Exercise aim: Your task is to reproduce exactly the lines from the one containing "Task: Point to" through the last line below, both ends included, and nothing else, with no pictures.

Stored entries
>>>

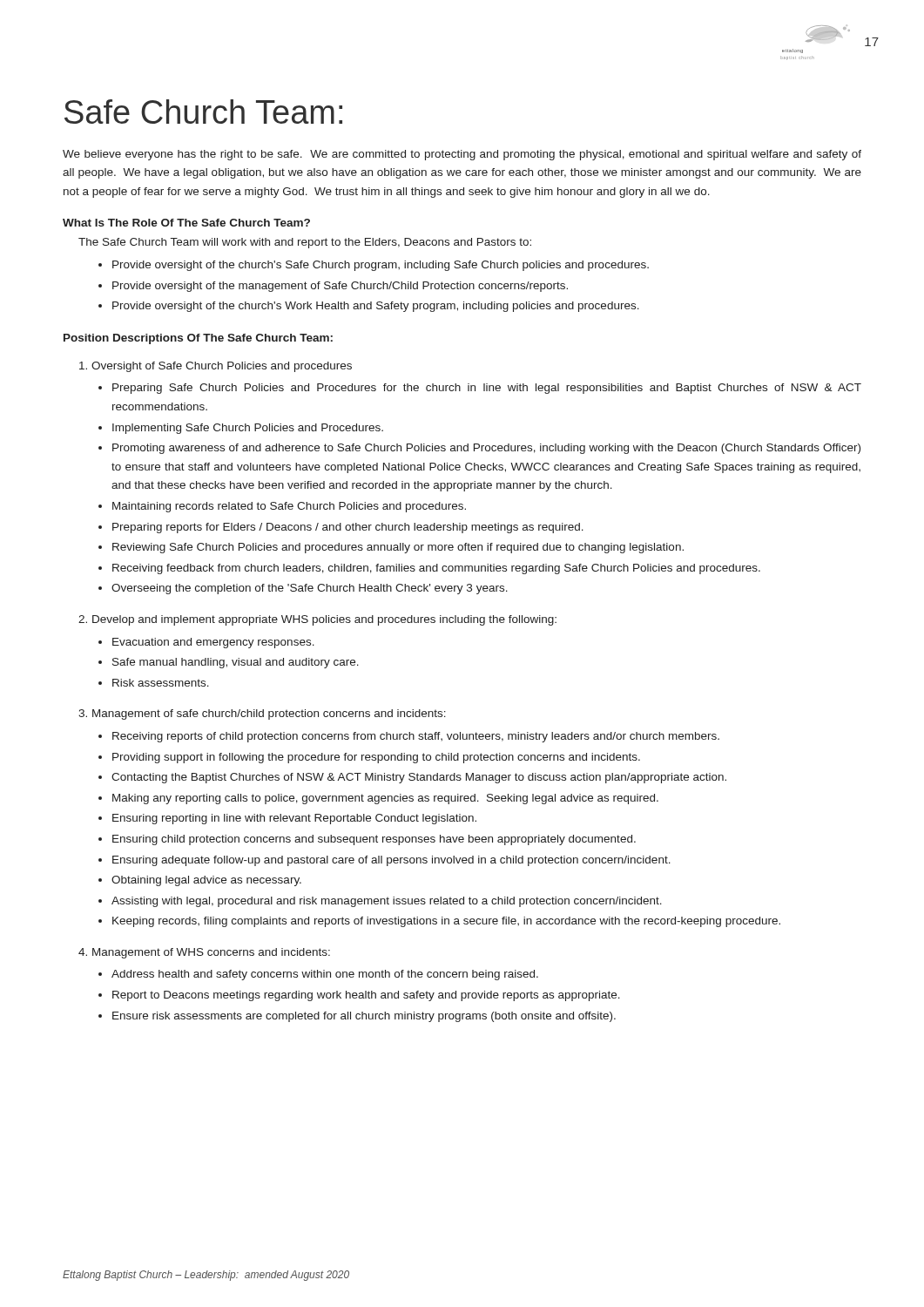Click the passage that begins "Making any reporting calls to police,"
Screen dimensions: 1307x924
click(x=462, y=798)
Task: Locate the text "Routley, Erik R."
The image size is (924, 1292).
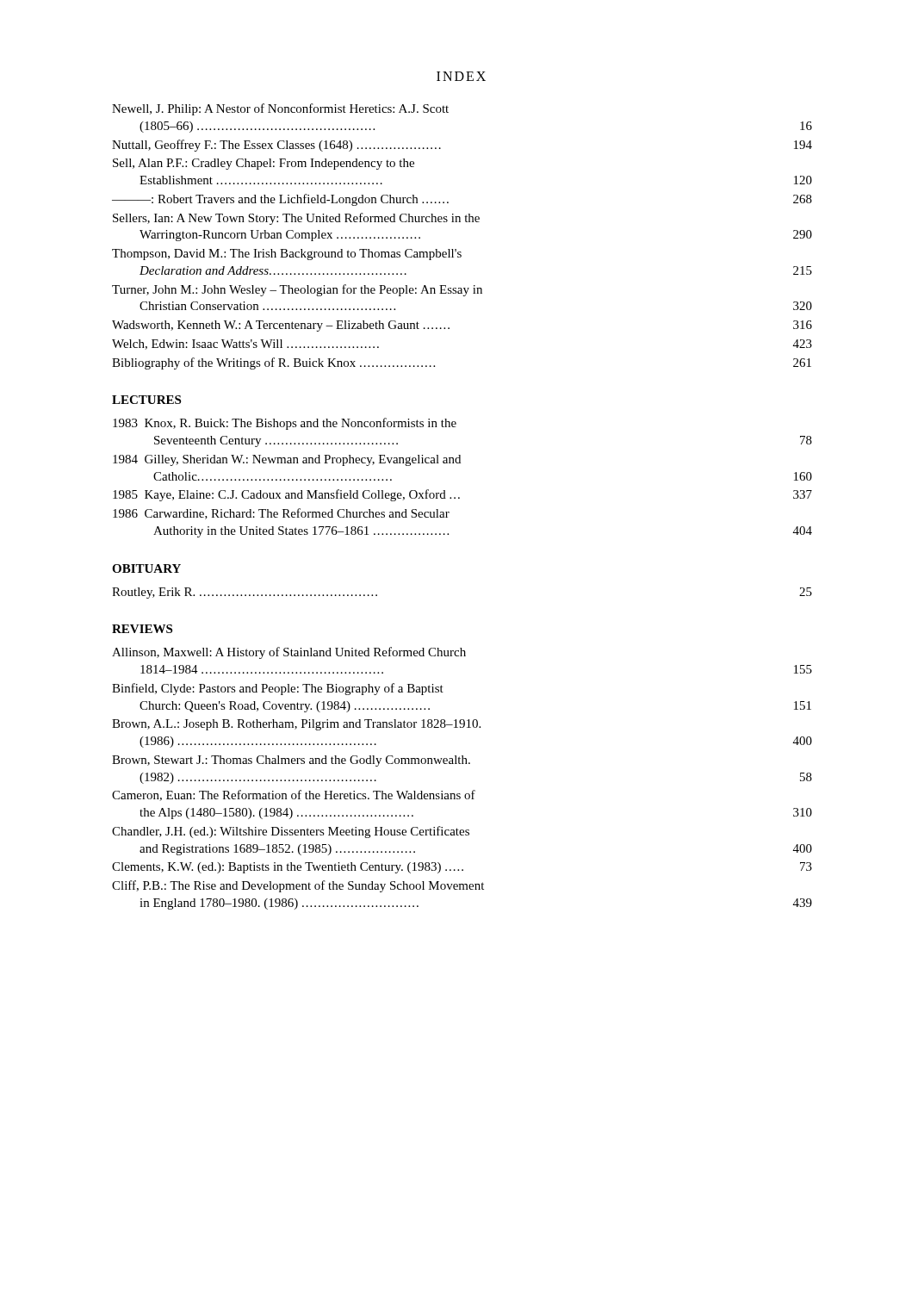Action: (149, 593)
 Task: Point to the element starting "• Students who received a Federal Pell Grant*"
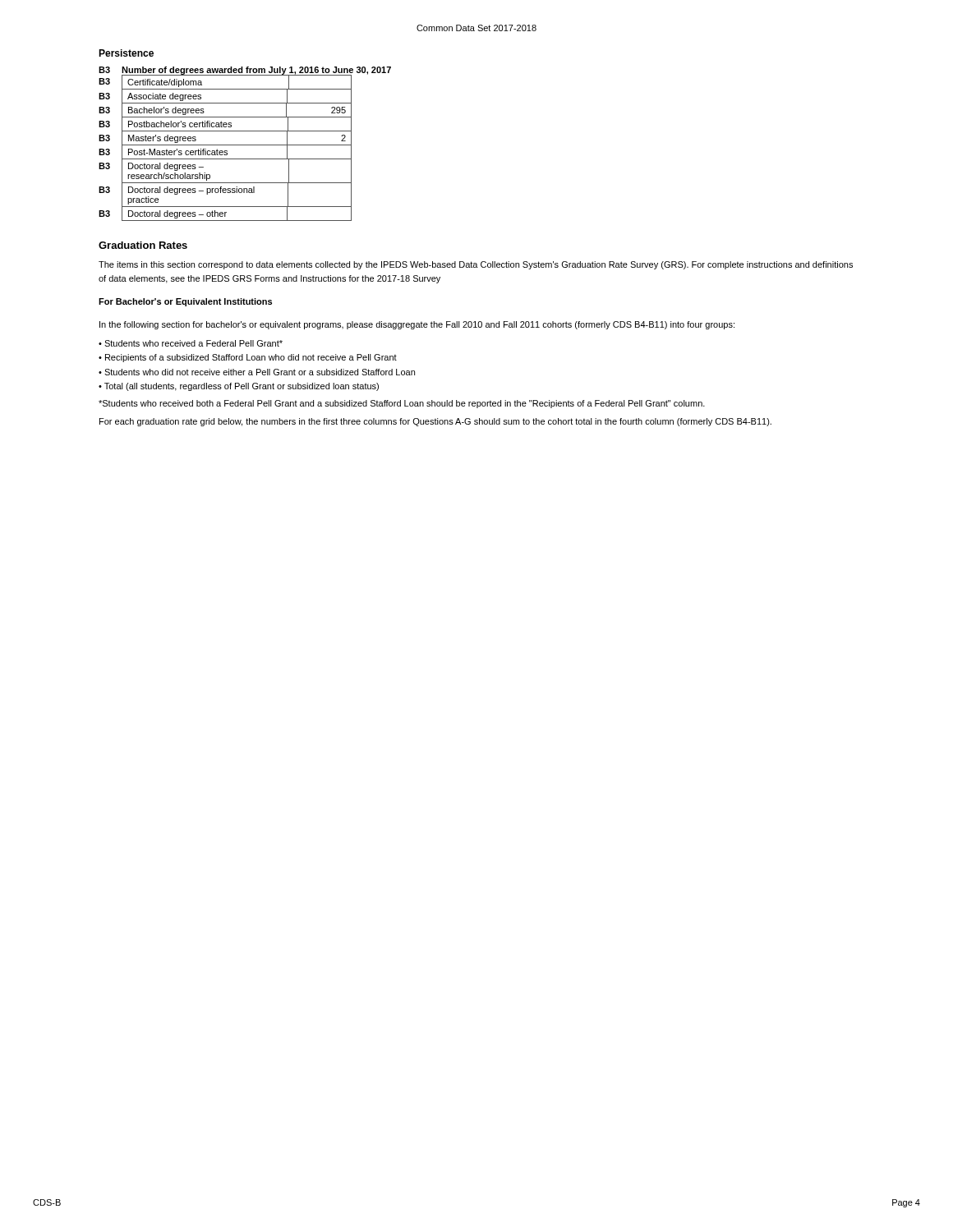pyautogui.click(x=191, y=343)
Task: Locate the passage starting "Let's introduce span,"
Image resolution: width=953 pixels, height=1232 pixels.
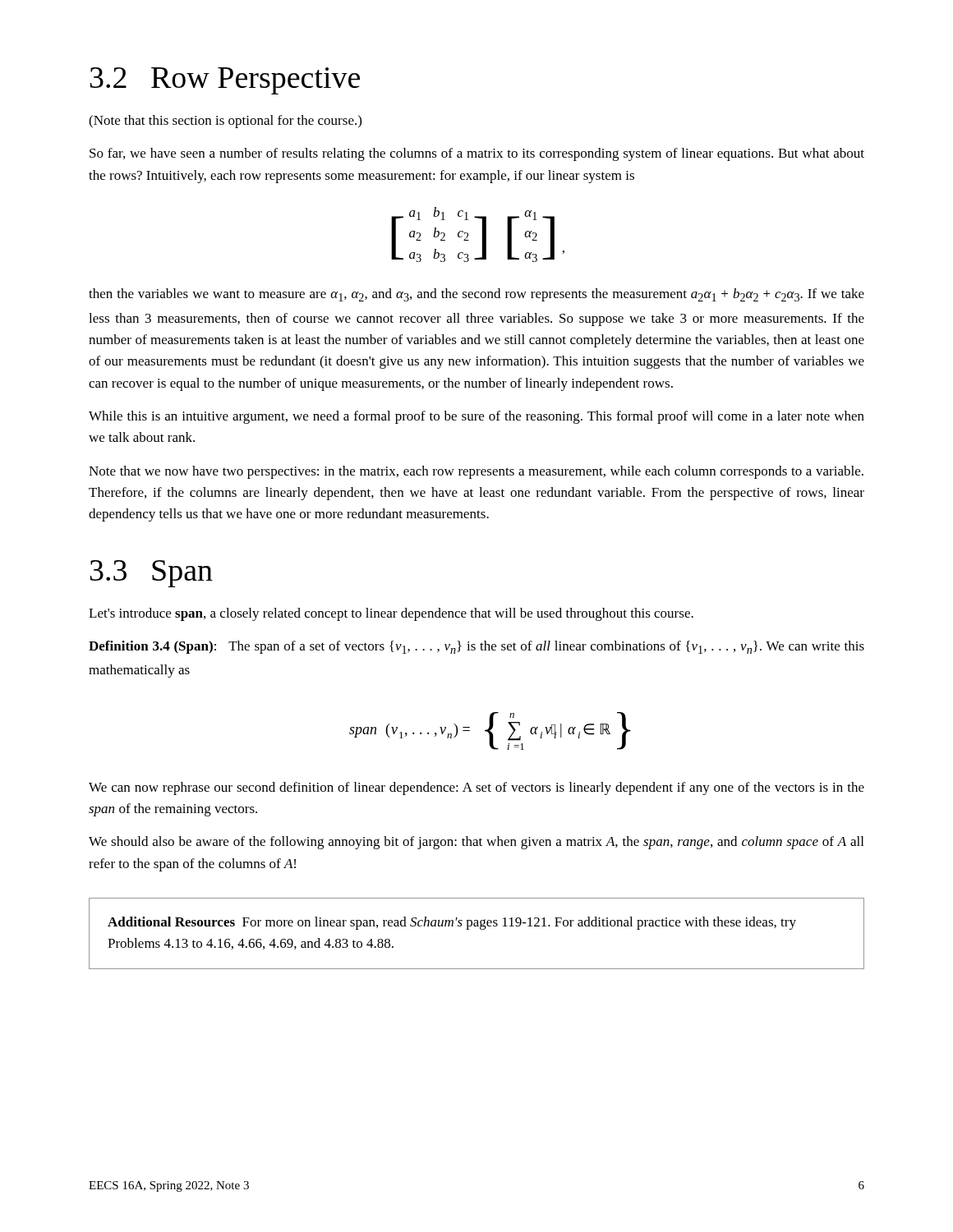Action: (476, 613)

<<<

Response below:
 Task: Point to the element starting "• Students who received a Federal Pell Grant*"
pyautogui.click(x=191, y=343)
Task: Locate the passage starting "Let's introduce span,"
Image resolution: width=953 pixels, height=1232 pixels.
Action: (476, 613)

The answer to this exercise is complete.